Action item: Count the lines below that contain "maker". Answer with the number alone.

[Data extracted from a collection]
● ● ● ●

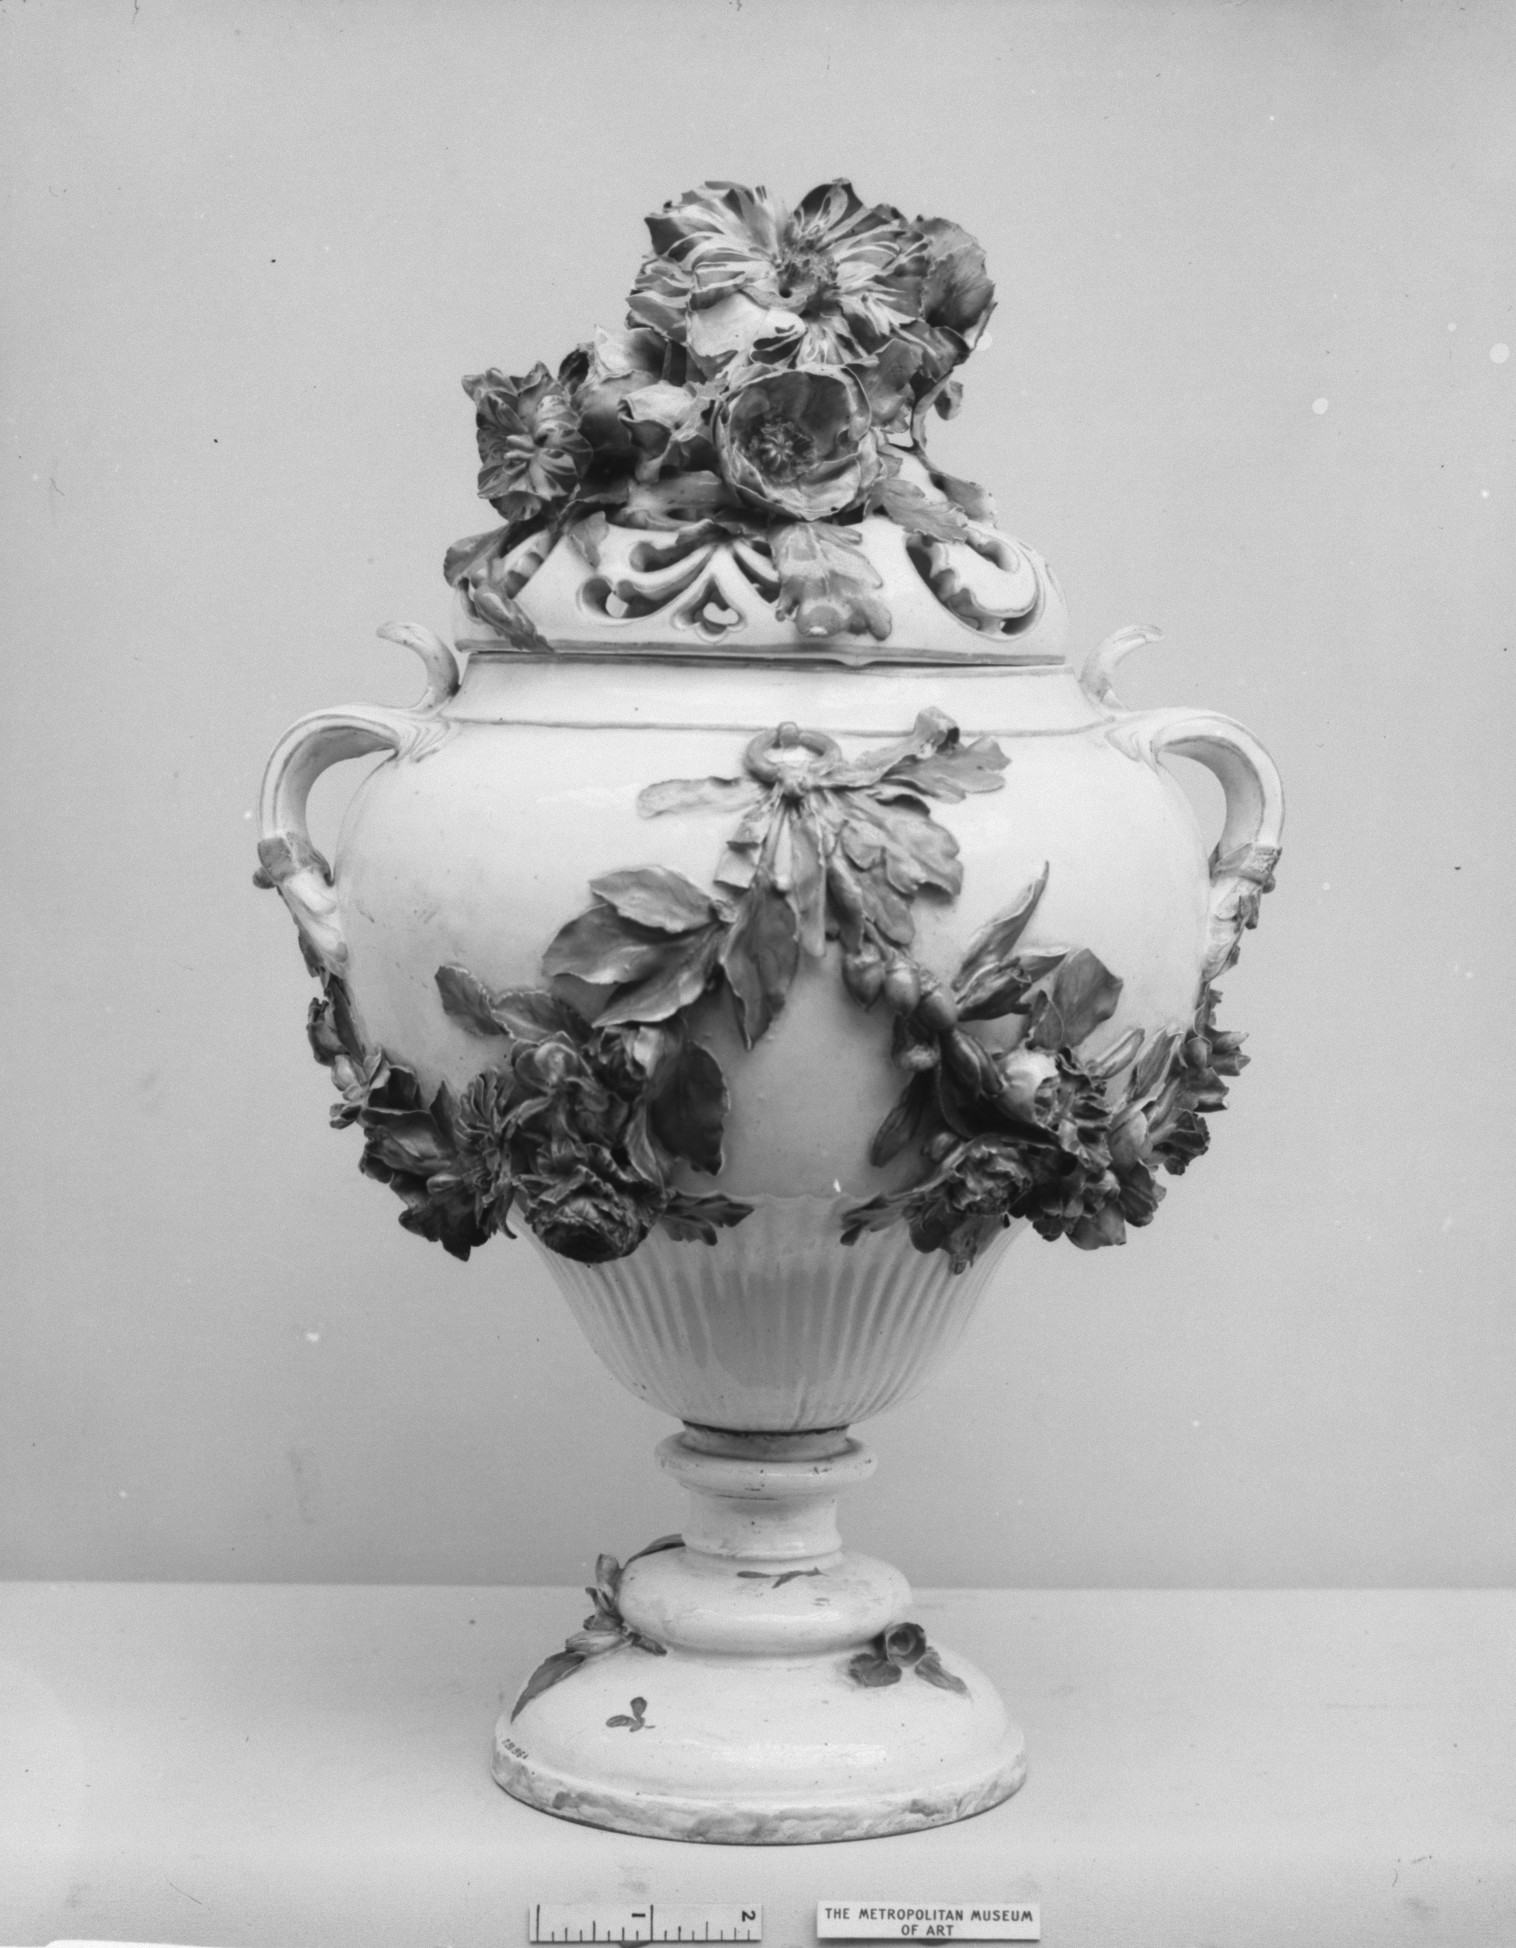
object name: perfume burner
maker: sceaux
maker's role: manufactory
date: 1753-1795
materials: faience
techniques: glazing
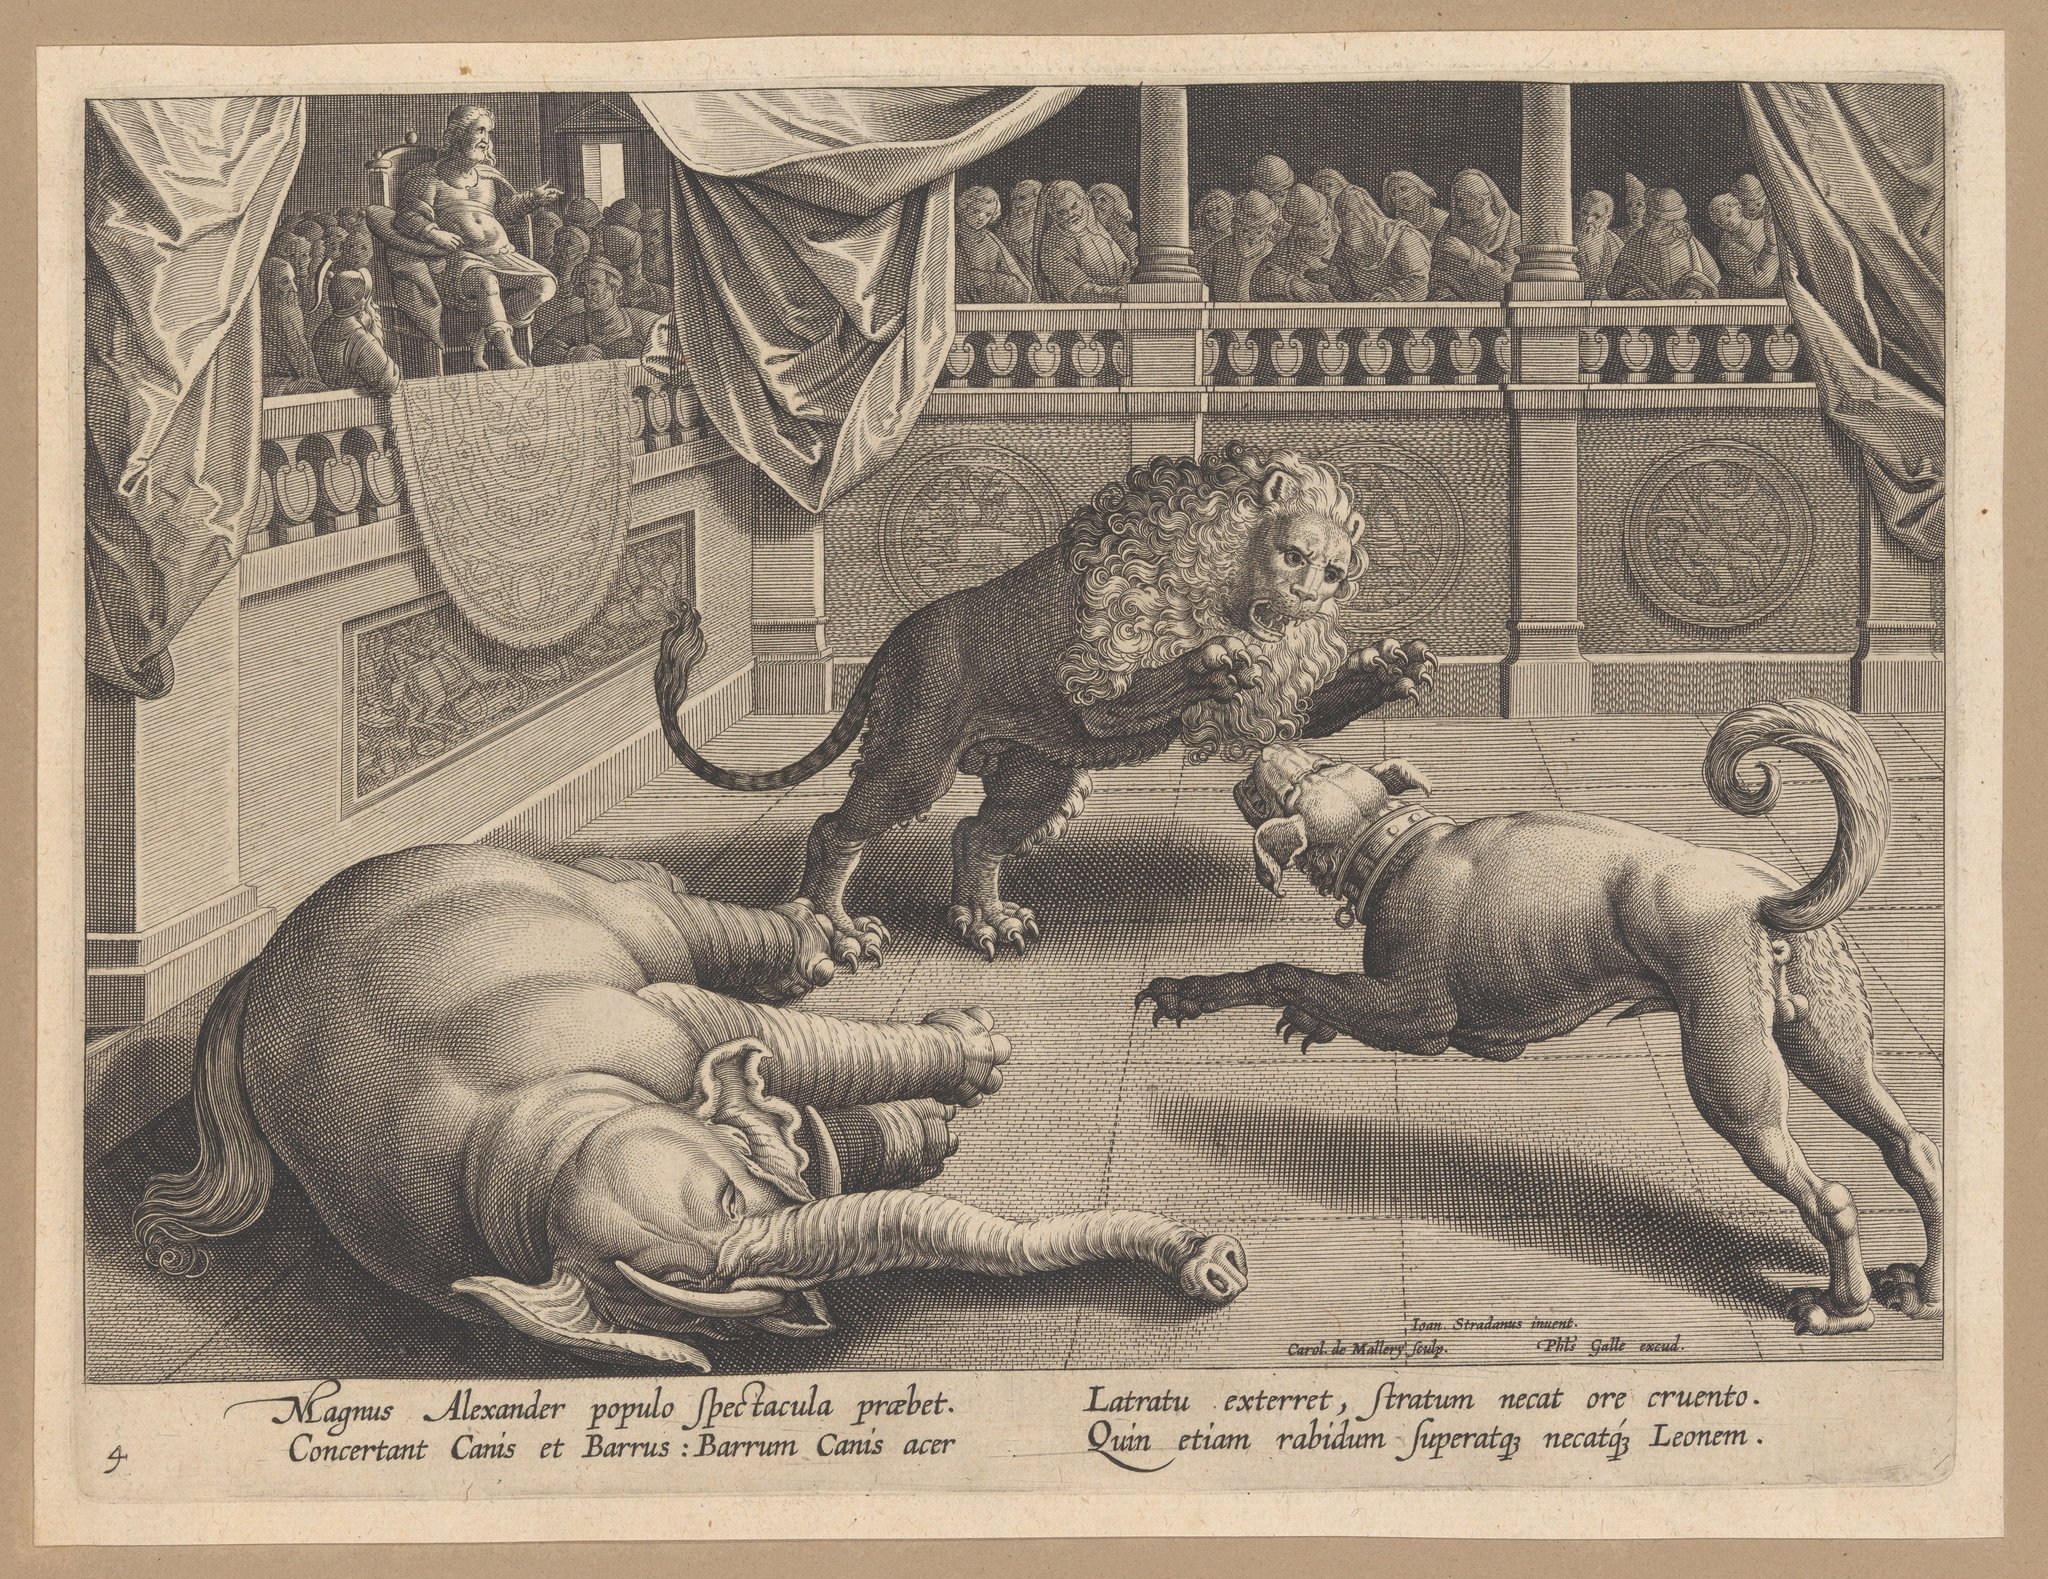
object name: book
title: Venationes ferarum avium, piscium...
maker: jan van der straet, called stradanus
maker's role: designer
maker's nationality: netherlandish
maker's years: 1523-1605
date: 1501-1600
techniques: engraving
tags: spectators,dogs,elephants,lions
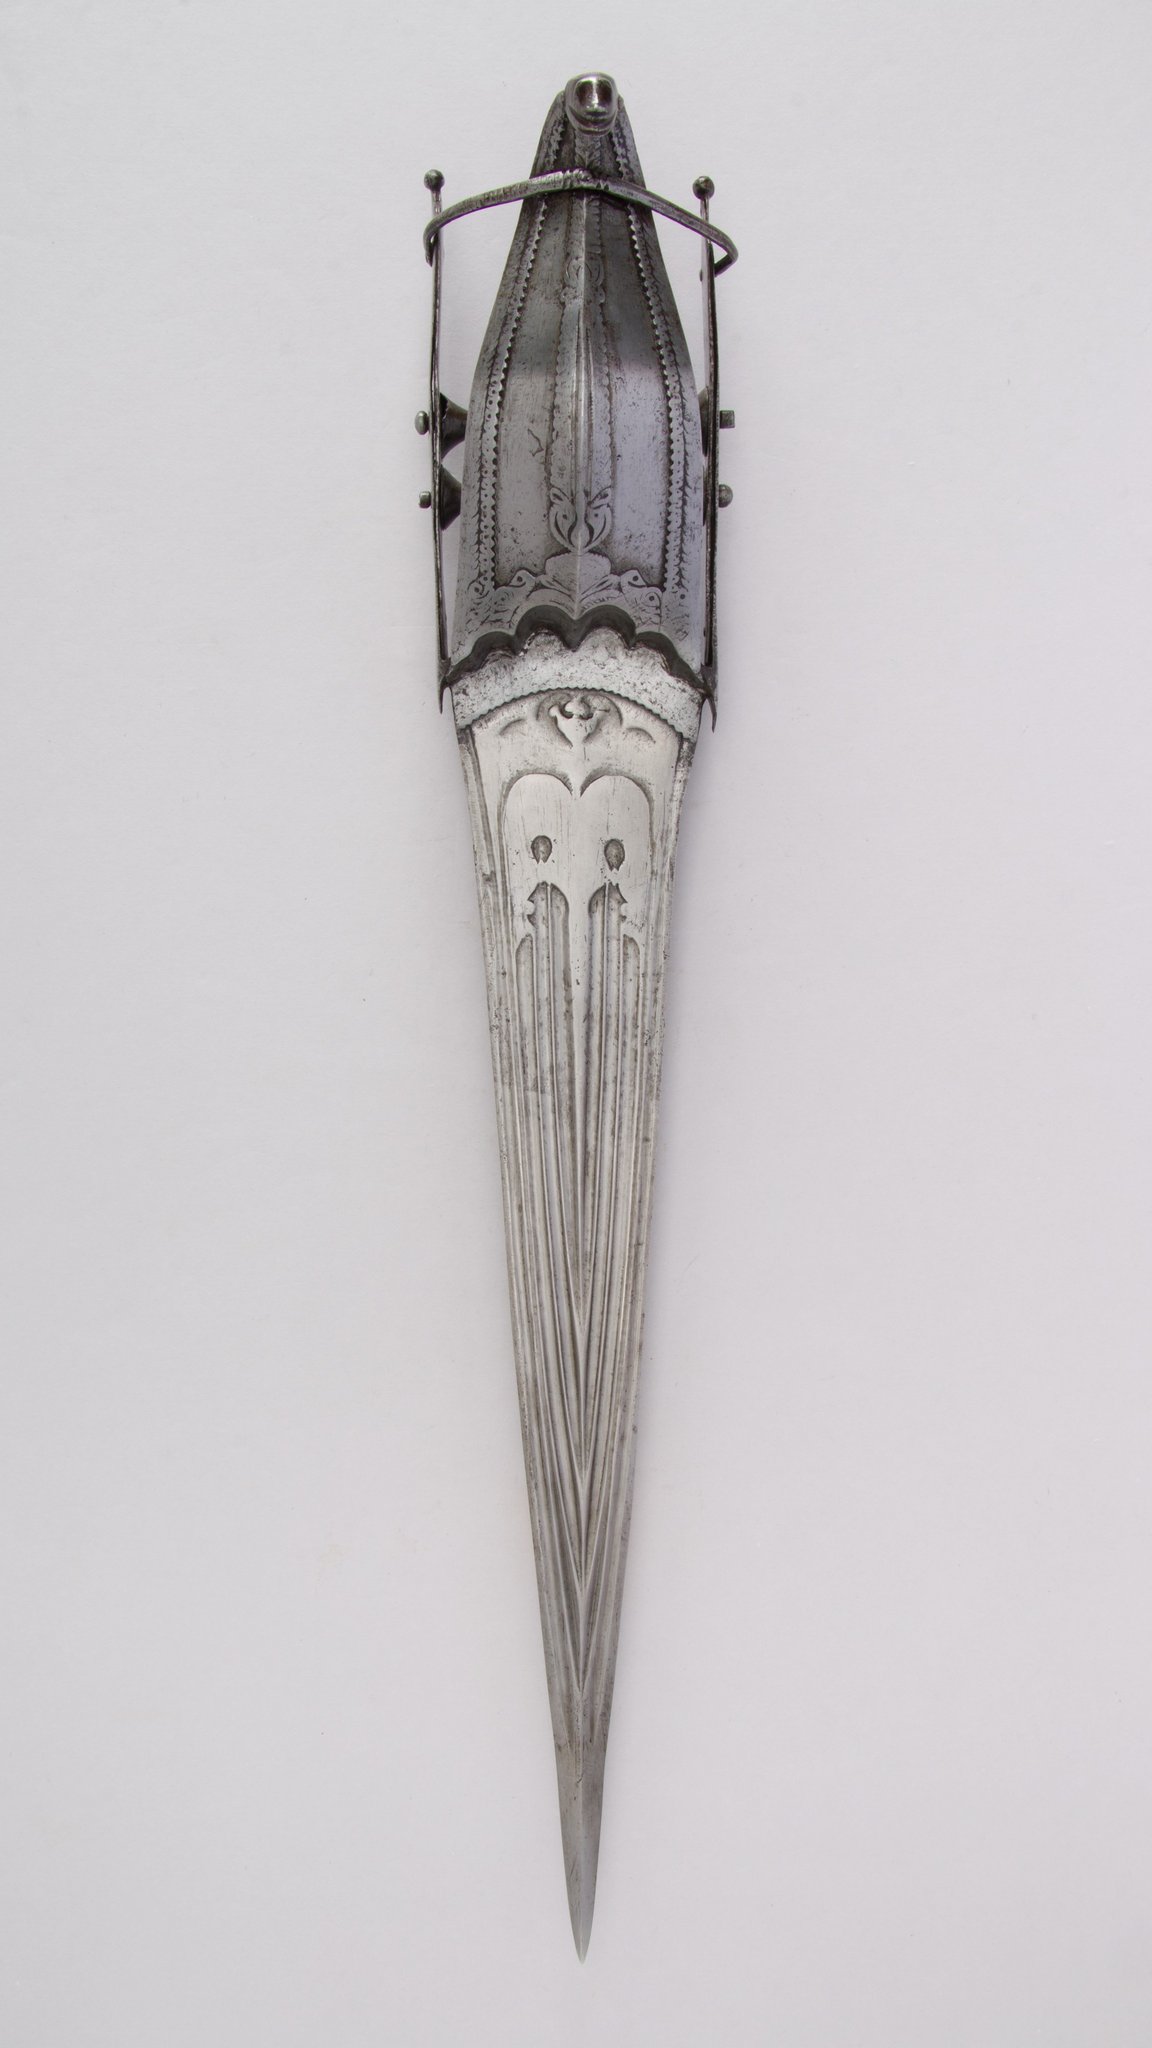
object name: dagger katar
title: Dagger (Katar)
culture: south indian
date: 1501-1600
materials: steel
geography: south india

● ● ● ●

Reply: 6